• _Exercise description_: When duplicating the records beneath this instruction, omit every picture and keep all else exact.

• _Exercise material_:
[Start of section]

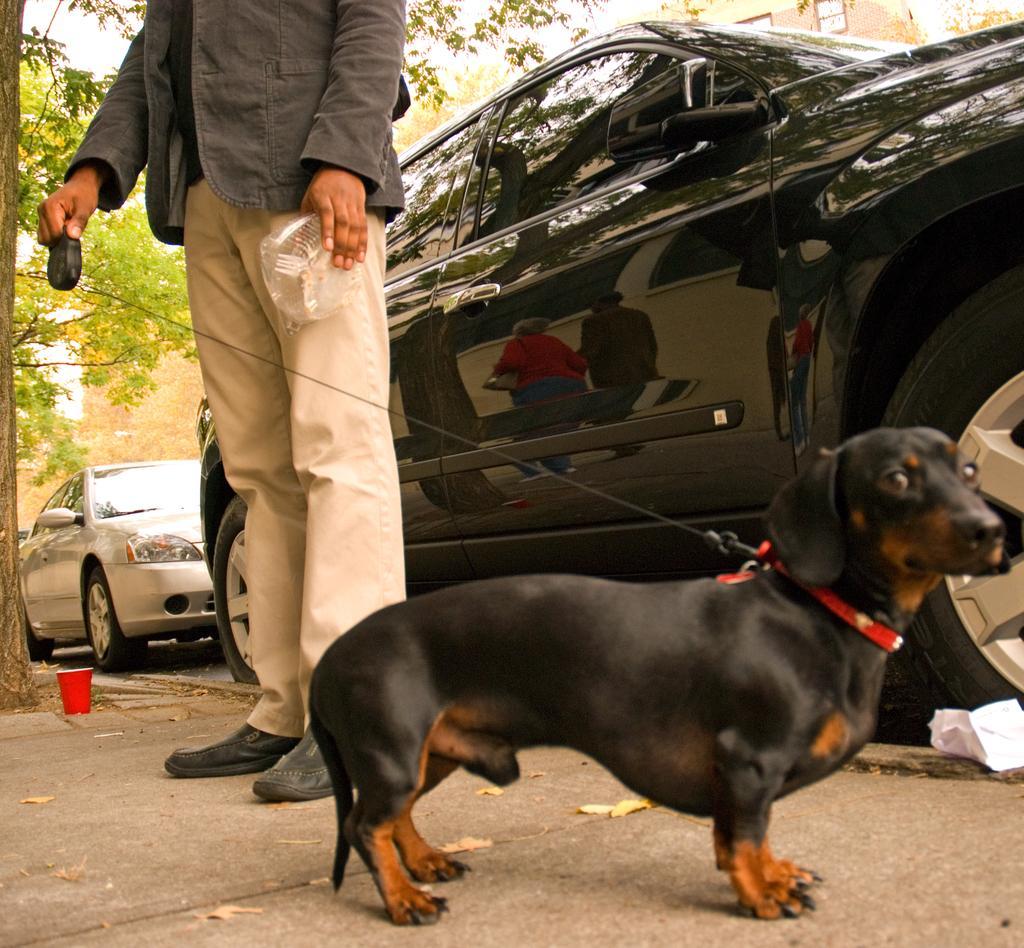In one or two sentences, can you explain what this image depicts? In this picture there is a black dog standing on the road with a man catching it with a wire. In the background we observe two cars. 
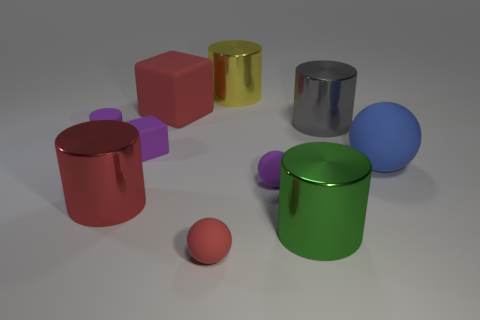Subtract all small cylinders. How many cylinders are left? 4 Subtract all gray cylinders. How many cylinders are left? 4 Subtract 1 balls. How many balls are left? 2 Subtract all blocks. How many objects are left? 8 Add 3 small rubber balls. How many small rubber balls are left? 5 Add 3 big cylinders. How many big cylinders exist? 7 Subtract 0 cyan cubes. How many objects are left? 10 Subtract all yellow spheres. Subtract all brown cylinders. How many spheres are left? 3 Subtract all shiny blocks. Subtract all small cylinders. How many objects are left? 9 
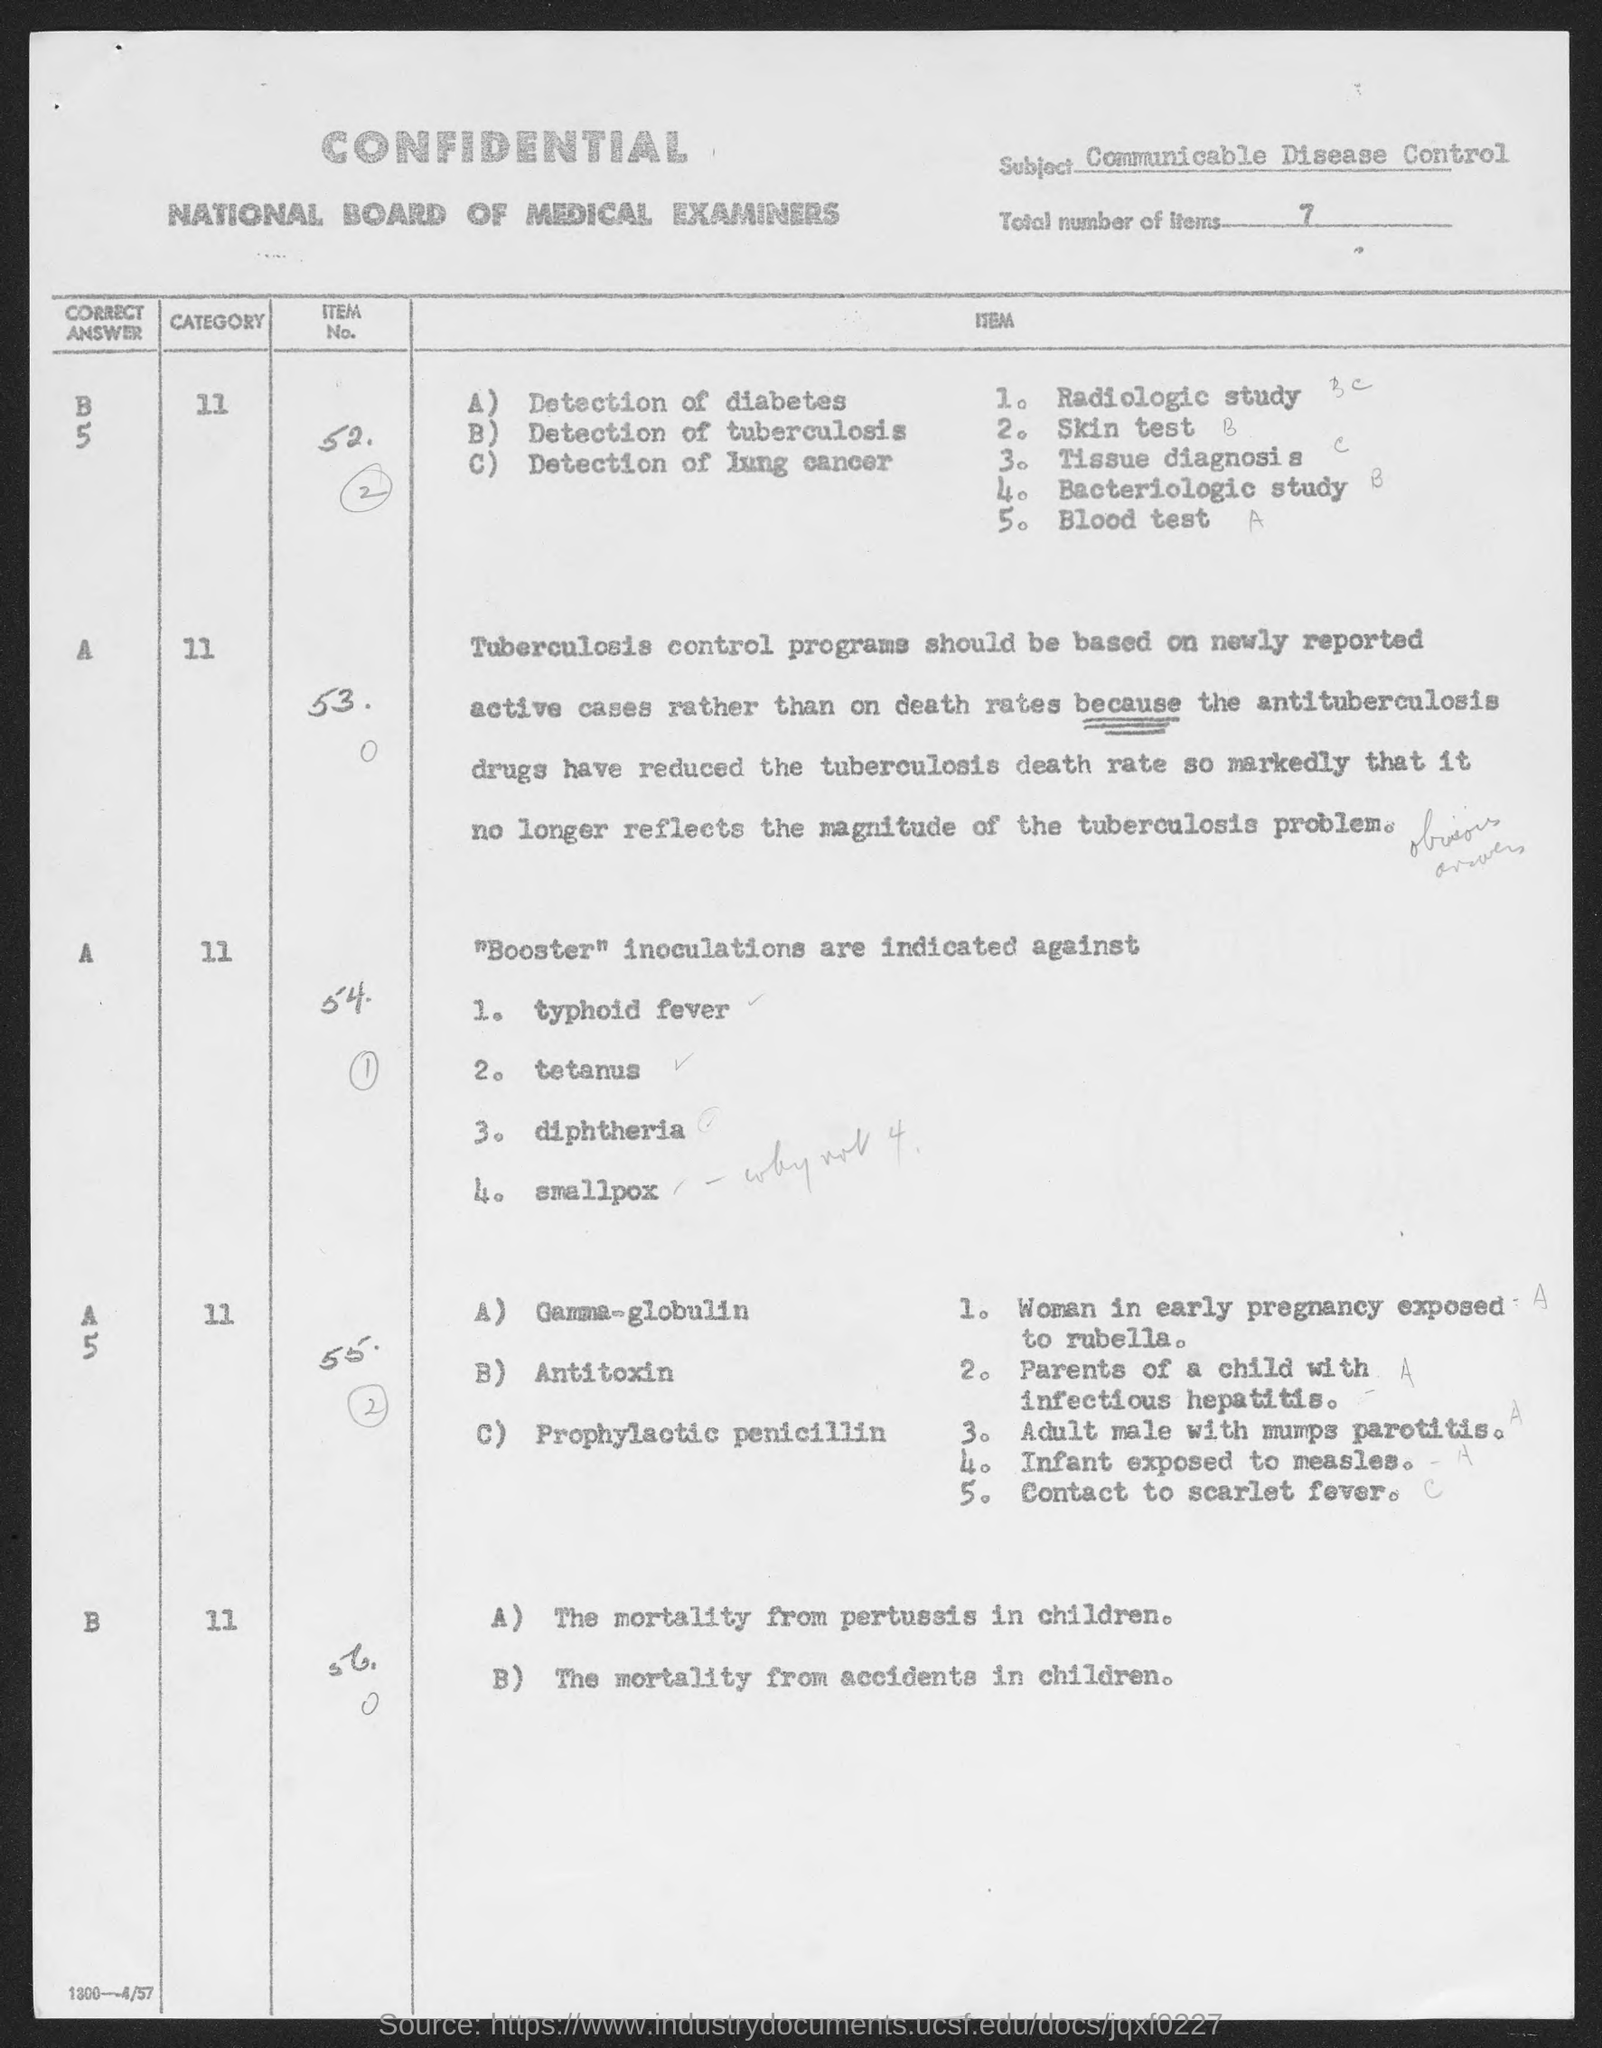What is the subject?
Offer a very short reply. Communicable Disease Control. What is the total number of Items?
Your answer should be very brief. 7. 
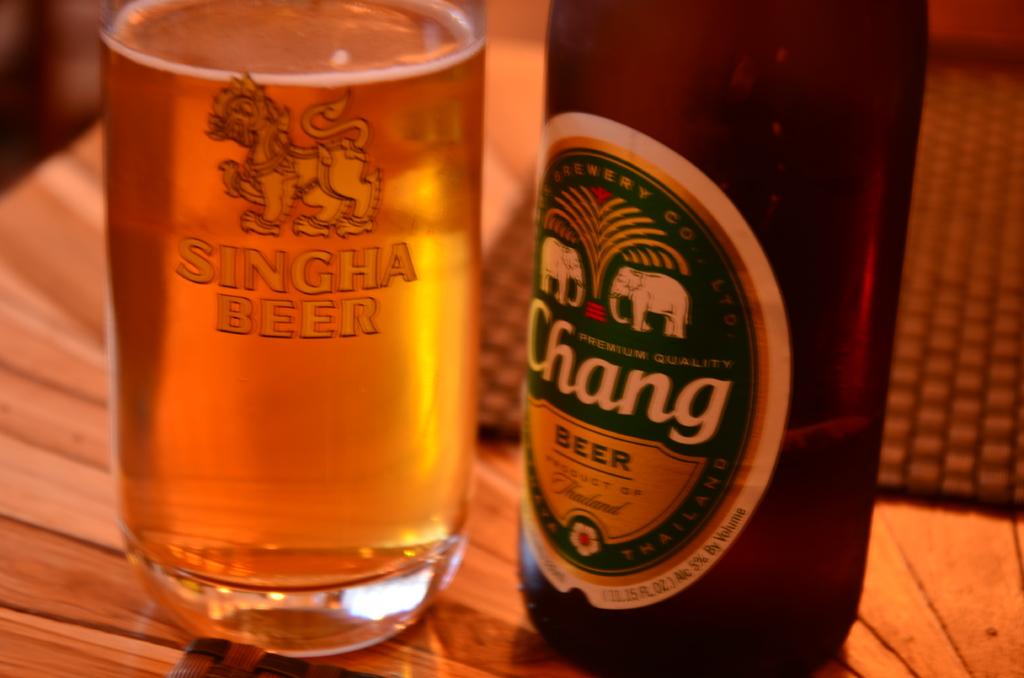What brand of beer is listed on the glass to the left?
Offer a very short reply. Singha. What does the beer bottle say?
Offer a terse response. Chang beer.

[End of section]

• _Response box_:
In one or two sentences, can you explain what this image depicts? In this picture there is a black dog standing on the road with a man catching it with a wire. In the background we observe two cars. 
Subtract all small cylinders. How many cylinders are left? 4 Subtract all gray cylinders. How many cylinders are left? 4 Subtract 1 balls. How many balls are left? 2 Subtract all blocks. How many objects are left? 8 Add 3 small rubber balls. How many small rubber balls are left? 5 Add 3 big cylinders. How many big cylinders exist? 7 Subtract 0 cyan cubes. How many objects are left? 10 Subtract all yellow spheres. Subtract all brown cylinders. How many spheres are left? 3 Subtract all shiny blocks. Subtract all small cylinders. How many objects are left? 9 
What is the subject?
Offer a very short reply. Communicable Disease Control. What is the total number of Items?
Your answer should be very brief. 7. 
What brand of beer is listed on the glass to the left?
Offer a very short reply. Singha. What does the beer bottle say?
Offer a terse response. Chang beer.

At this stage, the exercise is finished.